What Obama and McCain need to do in debates
By SCOTT SHEPARD
Cox News Service
Sunday, September 21, 2008
WASHINGTON — Democrat Barack Obama and Republican John McCain will have very different strategies when they meet in three debates. Both will do their best to avoid gaffes, of course, but each candidate will be trying to convey very different messages to the millions of American voters who tune in.
OBAMA
Obama has two major objectives: He must present himself as trustworthy and moderate in his politics, but he also needs to convey that he is engaged and personally connected to them, their fears and their problems.
He failed to do so during the Democratic presidential primaries and ended up losing some very important states with large blue-collar populations, most notably Pennsylvania and Ohio.
"He should tell his story, and the stories of real people to relate to and create identification with potential voters," said David Steinberg, the director of debates at the University of Miami whose teams have won numerous awards, including the 1996 national championship. "He will be helped by some expression of emotion, especially anger ... (because) too often he is perceived as professorial and detached."
McCAIN
McCain, on the other hand, has to reduce voters' concerns about his age — he is 72.
"Ronald Reagan used personality and humor ... (and) McCain would be well advised to do the same," Steinberg said. "His key is to be likable and to work to evoke his vision for the future while reminding the public of his heroic past and history fighting within his party."
He said that "two sorts of gaffes could hurt McCain: the misstatement or forgotten information indicative of age, or a show of his infamous temper."
When it comes to debates, both Obama and McCain can learn from Reagan, said John Pitney, a political scientist at Claremont McKenna College in California.
A strong debate performance in 1980 against incumbent Jimmy Carter propelled Reagan to a landslide, and "if Obama excels, then the same thing could happen to him," Pitney said.

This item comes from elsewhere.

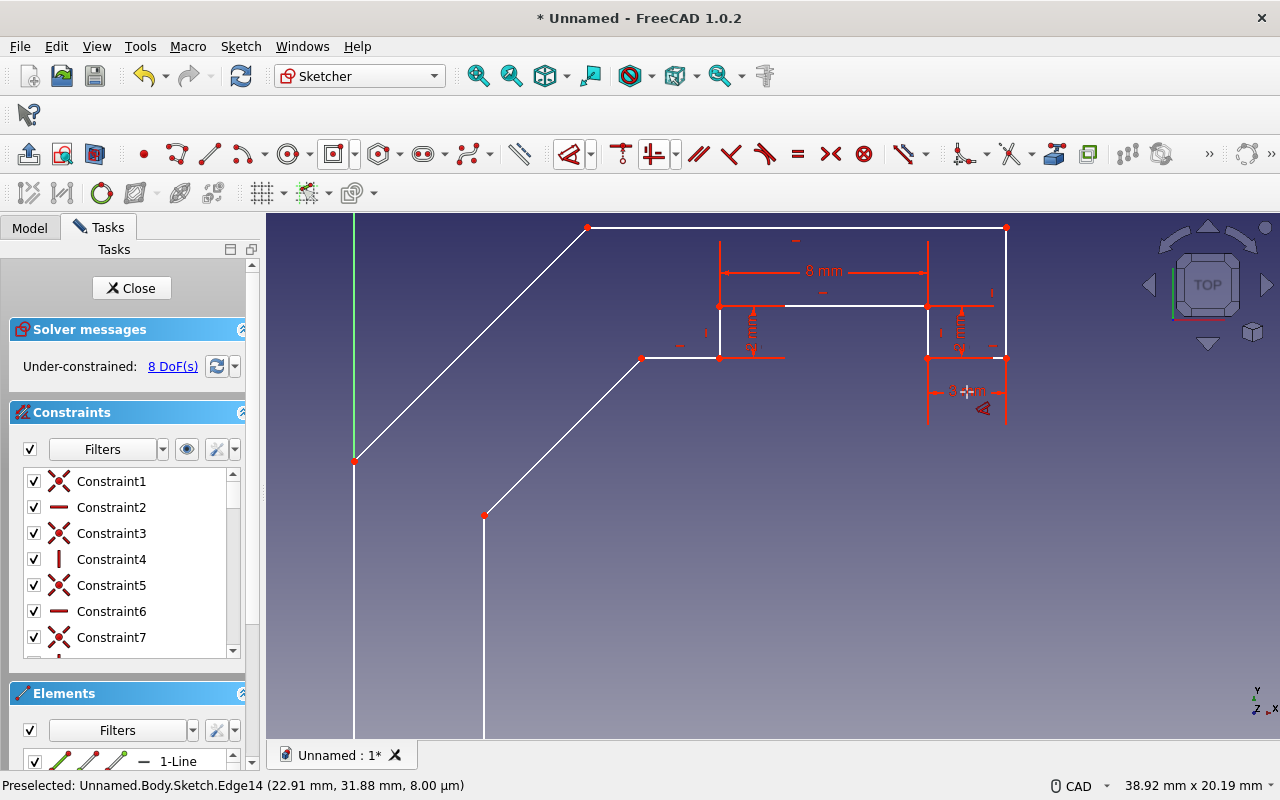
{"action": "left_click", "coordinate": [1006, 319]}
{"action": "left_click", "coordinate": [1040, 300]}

Four years later, however, Reagan "stumbled and fumbled" against Walter Mondale in their first debate but ultimately recovered - and stopped a slide in the polls - in the second debate with his famous quip about not making Mondale's "youth and inexperience" an issue in the campaign. That could be McCain's recovery model if he stumbles, Pitney said.
But "that was before YouTube," he added. "Today, any mistake will keep reverberating in cyberspace."